We now have political parties that agree on extravagant growth and agree to overlook its major problems.  Meanwhile, the quest for constant growth keeps biting back in the inability of the economy to keep up with advertised expectations especially during regular economic downturns, in the pressure on companies to engage in harmful practices to keep profits flowing, in the tendencies to extract prosperity from powerless people or landscapes, in prospects for more efficiencies coupled with less personal contact, and in the high cost of government programs needed to cope with the side effects of all this craving for constant growth.

If we didn’t seek so much growth, there would be little need for the candidates’ policy proposals to cope with its problems.  Politics could turn to its prime goal of stimulating creativity and cooperation to sustain well-being and prevent assaults on its health.   The pioneering economic theorist John Stuart Mill observed that with less growth, there would be “as much room for improving the Art of Living and much more likelihood of its being improved.”

A media celebrity recently said, “being paid more than you’re actually worth is the American Dream.”  That’s an expression from the high wave of extravagant growth, and when expressed by a celebrity, it shows our aspirations.  This outlook sets a model for all of us smaller fry to try to live up to that overabundant standard.  And there is plenty of media attention to stars whose commodity is fame and who circulate in a whole different economy of luxury and privilege.

The nation’s first Republican President presented a different picture of the American Dream based on getting an honest day’s pay for an honest day’s work.  Abraham Lincoln recognized that people will rise and fall to different stations in life, but those differences in status should emerge, he hoped, based on equal opportunity and individual merit rather the privileges that arise from overwhelming economic power.  This vision of democratic economic life requires a government that insures fairness for all, and it calls for individuals to bring ingenuity and planning in their efforts to make their own living or become economic players in their communities or beyond.

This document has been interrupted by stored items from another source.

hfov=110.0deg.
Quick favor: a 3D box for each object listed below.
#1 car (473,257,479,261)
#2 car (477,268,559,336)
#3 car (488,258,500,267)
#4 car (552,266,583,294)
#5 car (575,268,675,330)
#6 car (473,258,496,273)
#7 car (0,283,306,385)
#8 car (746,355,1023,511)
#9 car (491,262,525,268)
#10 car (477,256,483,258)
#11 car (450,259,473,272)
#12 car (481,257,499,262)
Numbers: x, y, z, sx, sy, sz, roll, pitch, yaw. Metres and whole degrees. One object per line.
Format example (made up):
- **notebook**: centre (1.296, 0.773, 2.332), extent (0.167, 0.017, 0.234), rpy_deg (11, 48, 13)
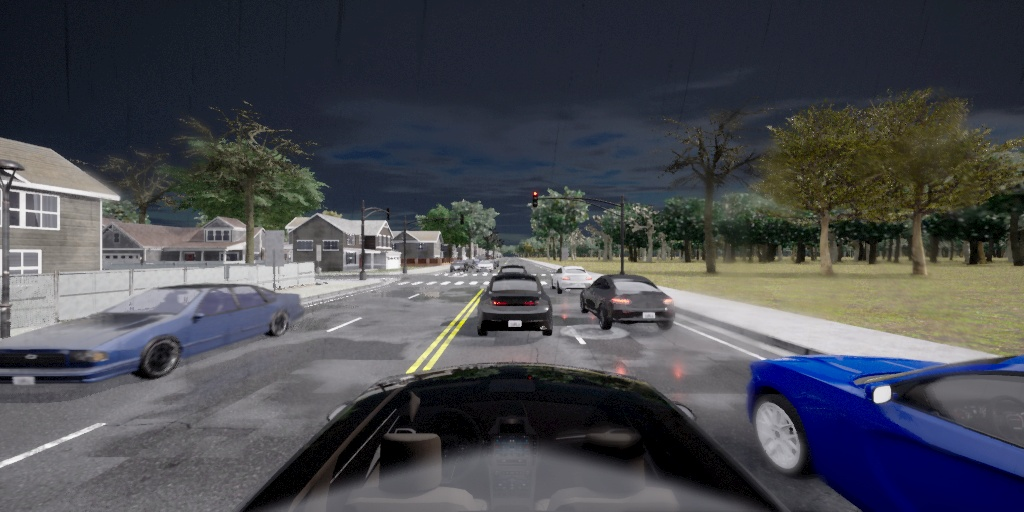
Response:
- **car**: centre (-6.580, 1.238, 54.513), extent (1.837, 1.490, 4.892), rpy_deg (0, 0, 1)
- **car**: centre (0.084, 1.255, 10.370), extent (1.837, 1.490, 4.892), rpy_deg (0, 0, 0)
- **car**: centre (-3.287, 1.202, 65.369), extent (1.882, 1.535, 5.008), rpy_deg (0, 0, 1)
- **car**: centre (3.313, 1.276, 20.114), extent (1.812, 1.442, 4.674), rpy_deg (0, 0, 0)
- **car**: centre (3.334, 1.276, 11.009), extent (1.812, 1.442, 4.674), rpy_deg (0, 0, 0)
- **car**: centre (-3.339, 1.268, 44.642), extent (1.812, 1.442, 4.674), rpy_deg (0, 0, 0)
- **car**: centre (-6.599, 1.298, 7.507), extent (2.033, 1.411, 5.357), rpy_deg (0, 0, 0)
- **car**: centre (3.350, 1.228, 1.695), extent (1.882, 1.535, 5.008), rpy_deg (0, 0, 0)
- **car**: centre (0.060, 1.255, 19.786), extent (1.837, 1.490, 4.892), rpy_deg (0, 0, 0)
- **car**: centre (-6.546, 1.251, 64.796), extent (1.812, 1.442, 4.674), rpy_deg (0, 0, 1)
- **car**: centre (-6.587, 1.233, 45.091), extent (2.128, 1.511, 4.902), rpy_deg (0, 0, 0)
- **car**: centre (-3.331, 1.240, 54.387), extent (1.837, 1.490, 4.892), rpy_deg (0, 0, 1)
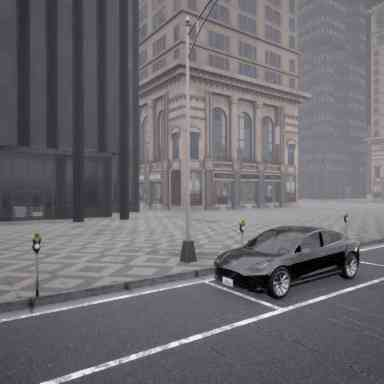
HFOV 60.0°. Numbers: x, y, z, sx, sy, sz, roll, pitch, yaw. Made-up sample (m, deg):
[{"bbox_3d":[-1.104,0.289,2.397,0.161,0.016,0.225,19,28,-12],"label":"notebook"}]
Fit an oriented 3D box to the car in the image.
[{"bbox_3d":[2.546,1.565,8.452,4.313,1.339,1.947,0,0,-35],"label":"car"}]
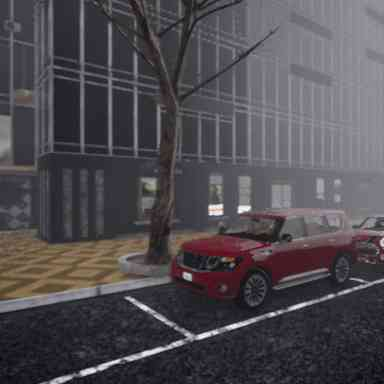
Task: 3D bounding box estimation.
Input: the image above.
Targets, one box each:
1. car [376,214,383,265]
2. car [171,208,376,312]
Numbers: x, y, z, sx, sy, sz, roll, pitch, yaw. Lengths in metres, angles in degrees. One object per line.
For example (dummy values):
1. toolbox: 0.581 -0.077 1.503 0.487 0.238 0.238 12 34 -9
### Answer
1. car: 6.606 1.492 11.265 4.097 1.590 1.967 0 -1 -35
2. car: 1.963 1.342 7.962 5.009 1.841 2.192 0 -1 -35
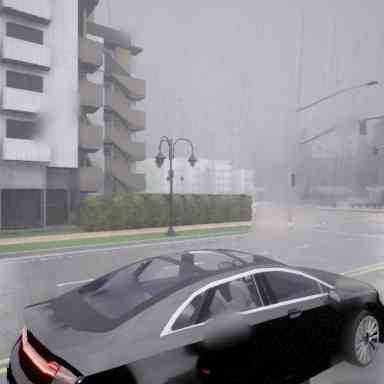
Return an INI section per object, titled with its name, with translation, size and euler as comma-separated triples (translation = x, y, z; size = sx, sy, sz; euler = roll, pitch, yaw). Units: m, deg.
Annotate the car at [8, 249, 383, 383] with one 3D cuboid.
[car]
translation = 0.520, 1.492, 4.128
size = 4.902, 1.511, 2.128
euler = 0, 0, -35
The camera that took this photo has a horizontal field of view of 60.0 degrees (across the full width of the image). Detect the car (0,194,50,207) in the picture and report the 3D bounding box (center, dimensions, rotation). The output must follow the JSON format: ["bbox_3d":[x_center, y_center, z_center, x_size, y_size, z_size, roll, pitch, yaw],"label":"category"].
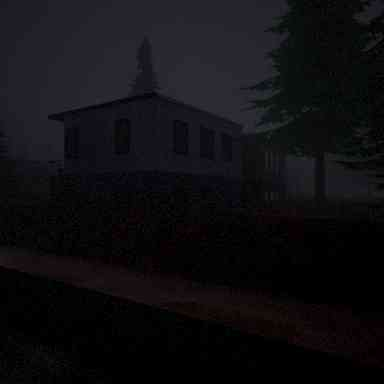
[{"bbox_3d":[-14.710,1.202,29.549,2.150,2.045,5.566,0,0,27],"label":"car"}]
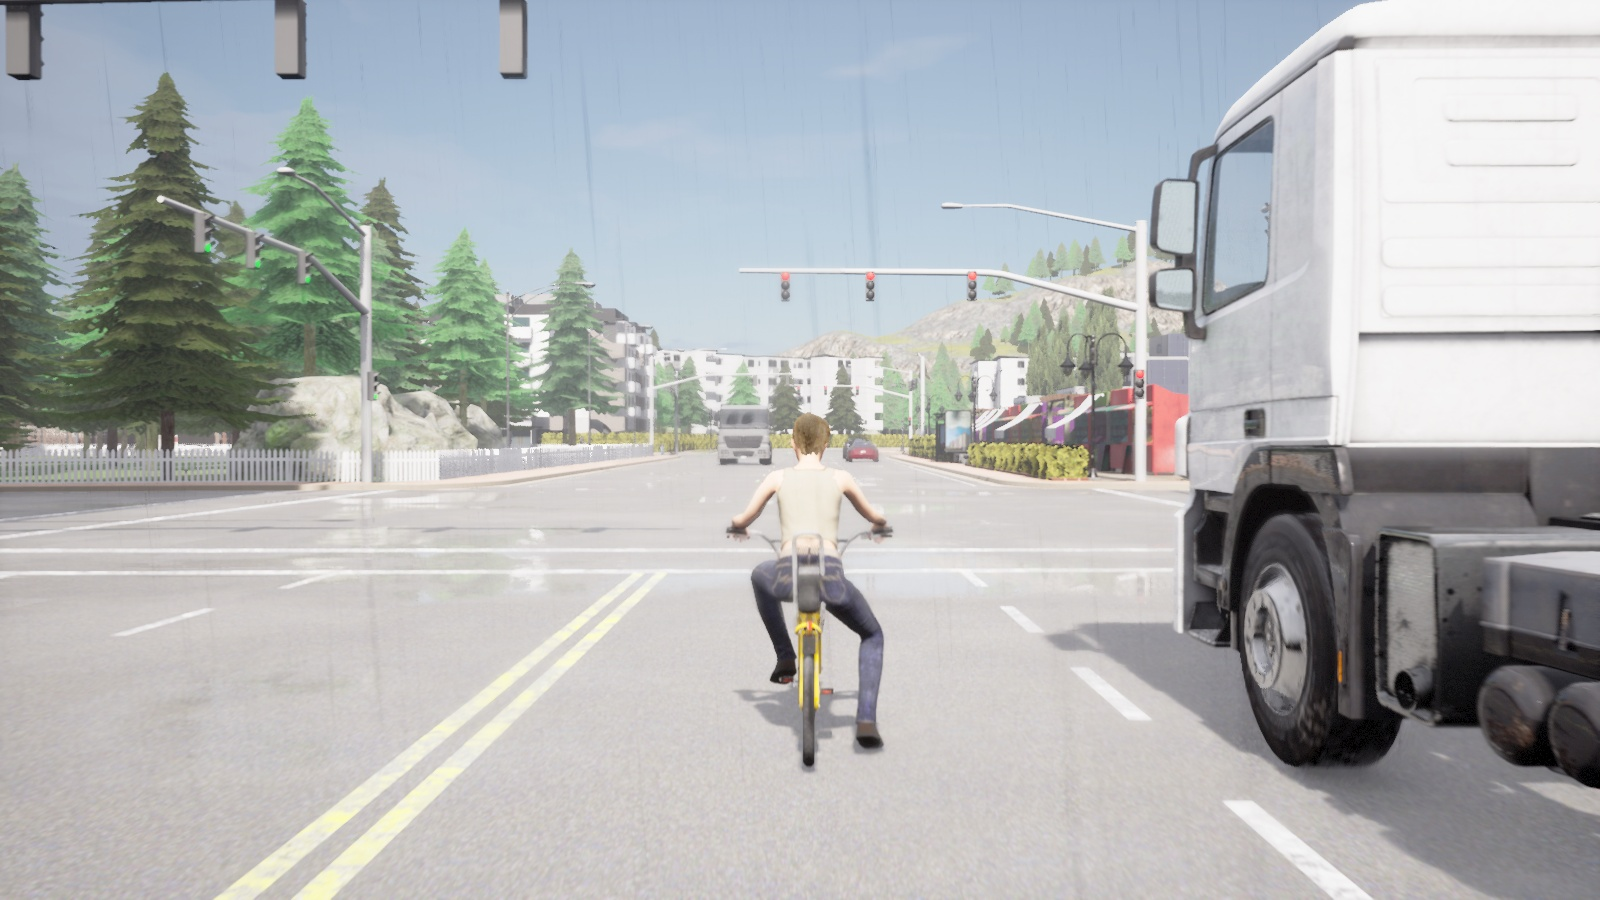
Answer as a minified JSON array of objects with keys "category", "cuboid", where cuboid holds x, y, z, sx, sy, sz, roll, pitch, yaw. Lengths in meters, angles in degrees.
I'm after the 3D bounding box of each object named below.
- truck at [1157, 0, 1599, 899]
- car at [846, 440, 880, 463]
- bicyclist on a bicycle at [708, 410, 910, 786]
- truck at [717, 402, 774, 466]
[{"category":"truck","cuboid":[3.536,-0.265,3.440,2.891,3.462,7.936,0,1,0]},{"category":"car","cuboid":[3.968,0.085,80.144,1.994,1.385,4.181,0,1,0]},{"category":"bicyclist on a bicycle","cuboid":[0.046,0.627,6.133,0.866,1.612,1.509,0,1,1]},{"category":"truck","cuboid":[-3.074,-0.897,72.495,2.891,3.462,7.936,0,1,0]}]
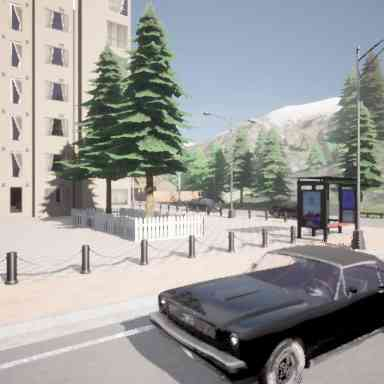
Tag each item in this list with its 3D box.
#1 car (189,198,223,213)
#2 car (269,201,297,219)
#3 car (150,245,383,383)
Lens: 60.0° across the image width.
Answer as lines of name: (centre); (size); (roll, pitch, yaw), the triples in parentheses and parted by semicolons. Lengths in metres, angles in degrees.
car: (1.515, 1.513, 37.811); (1.837, 1.490, 4.892); (0, 2, -35)
car: (8.669, 1.492, 27.582); (1.882, 1.535, 5.008); (0, 0, -35)
car: (1.773, 1.600, 5.207); (4.718, 1.301, 1.895); (0, 0, -35)
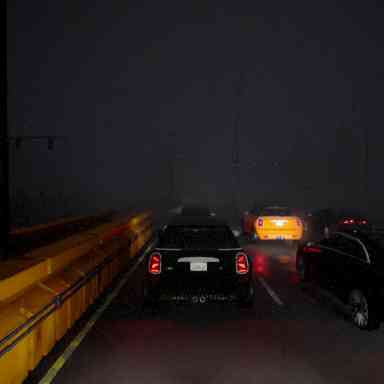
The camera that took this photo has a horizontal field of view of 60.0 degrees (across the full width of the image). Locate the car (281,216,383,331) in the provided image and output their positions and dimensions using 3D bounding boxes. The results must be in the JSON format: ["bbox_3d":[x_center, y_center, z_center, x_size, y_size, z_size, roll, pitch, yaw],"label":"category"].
[{"bbox_3d":[3.622,1.492,6.833,2.128,1.511,4.902,0,0,0],"label":"car"}]

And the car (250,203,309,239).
[{"bbox_3d":[3.656,1.352,15.943,2.097,1.767,4.553,0,0,0],"label":"car"}]

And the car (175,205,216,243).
[{"bbox_3d":[0.160,1.505,17.249,1.837,1.490,4.892,0,0,0],"label":"car"}]

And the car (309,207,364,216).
[{"bbox_3d":[7.158,1.505,16.813,1.837,1.490,4.892,0,0,0],"label":"car"}]

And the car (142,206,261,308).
[{"bbox_3d":[0.126,1.352,8.073,2.097,1.767,4.553,0,0,0],"label":"car"}]
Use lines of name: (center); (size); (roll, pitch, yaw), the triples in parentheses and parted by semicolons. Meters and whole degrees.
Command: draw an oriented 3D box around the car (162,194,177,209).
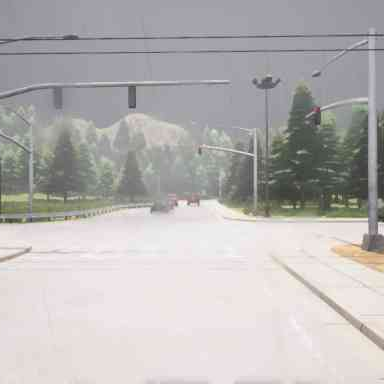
car: (-3.554, 1.485, 44.688); (2.097, 1.767, 4.553); (0, 0, 0)

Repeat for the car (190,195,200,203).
car: (0.636, 1.537, 73.380); (2.097, 1.767, 4.553); (0, 0, 2)

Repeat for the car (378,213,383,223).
car: (15.196, 1.554, 22.024); (5.357, 1.411, 2.033); (0, 0, 1)

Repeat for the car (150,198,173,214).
car: (-3.573, 1.716, 37.566); (1.895, 1.301, 4.718); (0, 0, 0)

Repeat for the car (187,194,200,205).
car: (0.296, 1.374, 60.522); (2.150, 2.045, 5.566); (0, 0, 2)
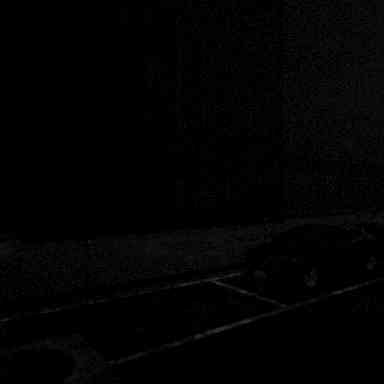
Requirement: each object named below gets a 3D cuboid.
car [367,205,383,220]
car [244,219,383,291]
[{"bbox_3d":[7.958,1.315,12.319,5.009,1.841,2.192,0,0,-35],"label":"car"},{"bbox_3d":[3.369,1.564,9.047,4.313,1.339,1.947,0,0,-35],"label":"car"}]
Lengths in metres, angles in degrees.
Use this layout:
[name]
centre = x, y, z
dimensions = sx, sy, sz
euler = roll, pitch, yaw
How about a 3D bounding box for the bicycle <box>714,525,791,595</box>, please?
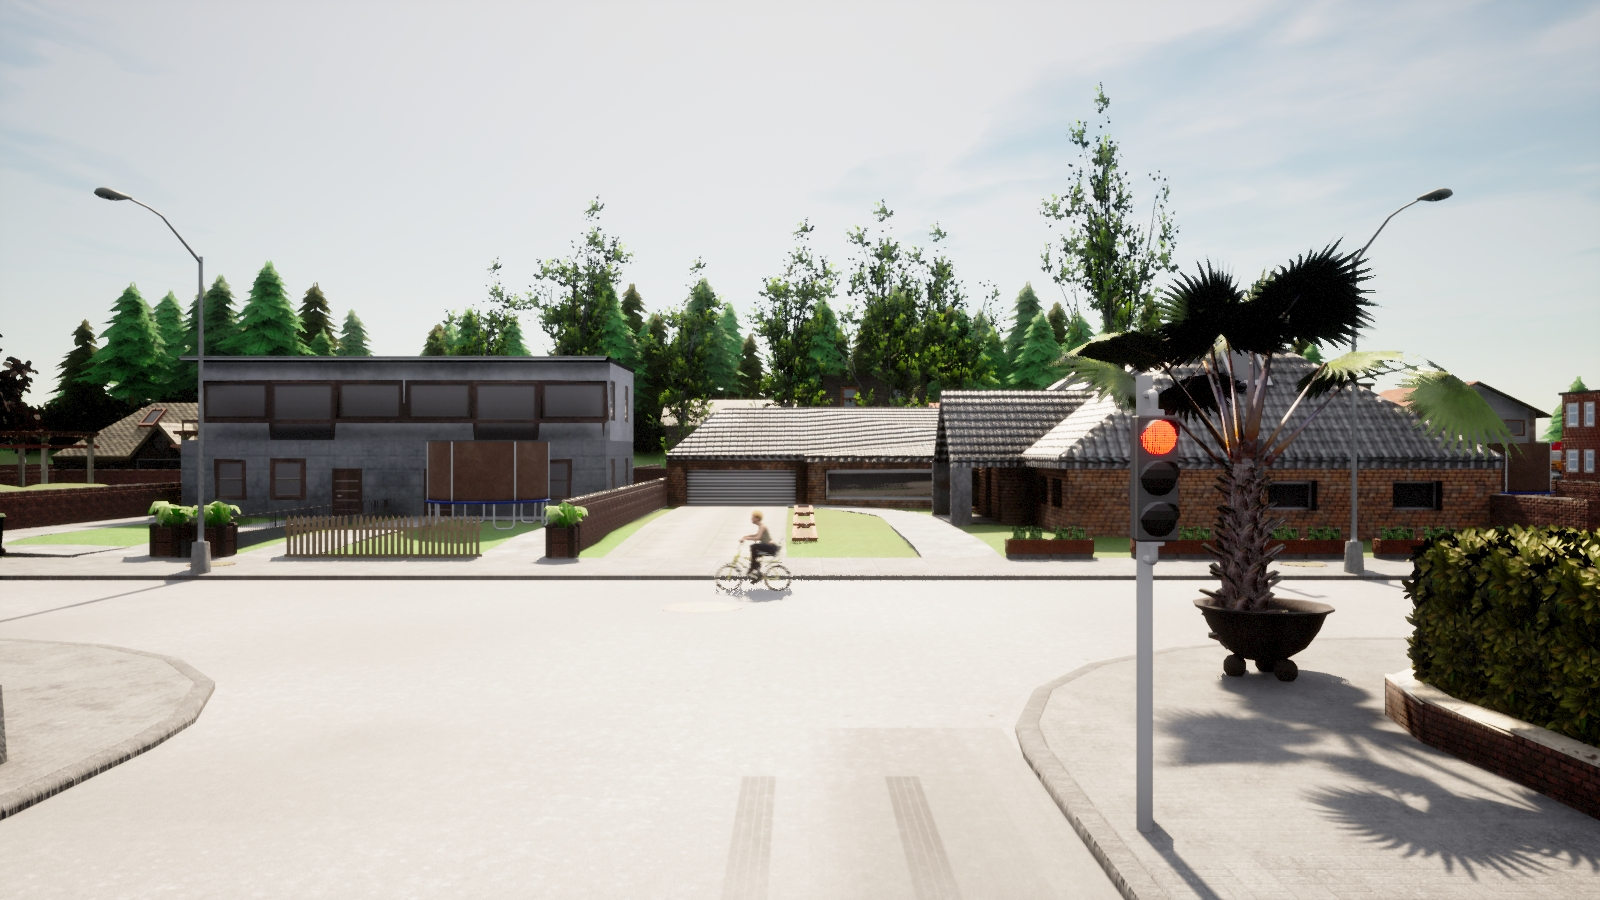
[bicycle]
centre = -0.919, 2.149, 22.444
dimensions = 1.487, 1.276, 0.859
euler = 0, 0, 0
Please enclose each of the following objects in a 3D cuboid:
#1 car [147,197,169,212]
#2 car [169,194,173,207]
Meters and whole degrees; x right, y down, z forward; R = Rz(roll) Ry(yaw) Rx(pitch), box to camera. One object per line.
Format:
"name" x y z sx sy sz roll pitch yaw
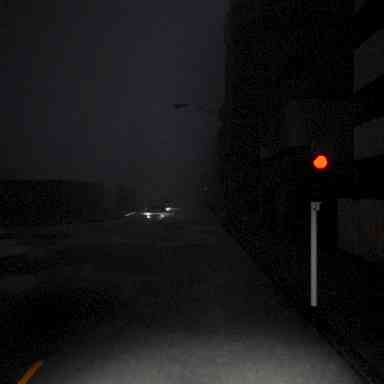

Lincoln expressed this vision at a time when many other Americans sought to achieve the American Dream by extracting their income from the work of others.  While Lincoln presented a model for healthy growth, slaveholders sought unhealthy growth through their power over slaves who extracted wealth for them.  By the early twentieth century, even any talk of such tempered approaches to growth became associated with radical challenges to the unfettered marketplace as the only American way.  Even liberals presented their moderations on market-driven economic growth as variations to insure its long-term success; for example, the Franklin Roosevelt and Harry Truman promoted New Deal and Fair Deal measures with the slogan, “if you want to live like a Republican, vote Democrat.”  By the 1990s, Bill Clinton and fellow New Democrats moderated their politics by turning away from any modifications of the path of great growth; and sure enough, it was a decade of “irrational exuberance,” in the words of then-Federal Reserve Board Chair Alan Greenspan.

There is little doubt that that the current path will lead to more short-term prosperity, especially with abundant ways for the wealthiest to become wealthier.  This has left the majority of Americans deeply frustrated, not just over the current choice of candidates with high disapproval ratings, but also because of a restless sense that on our path, constant, unquestioned, extravagant growth cannot be sustained, leaving most citizens with an unhealthy future.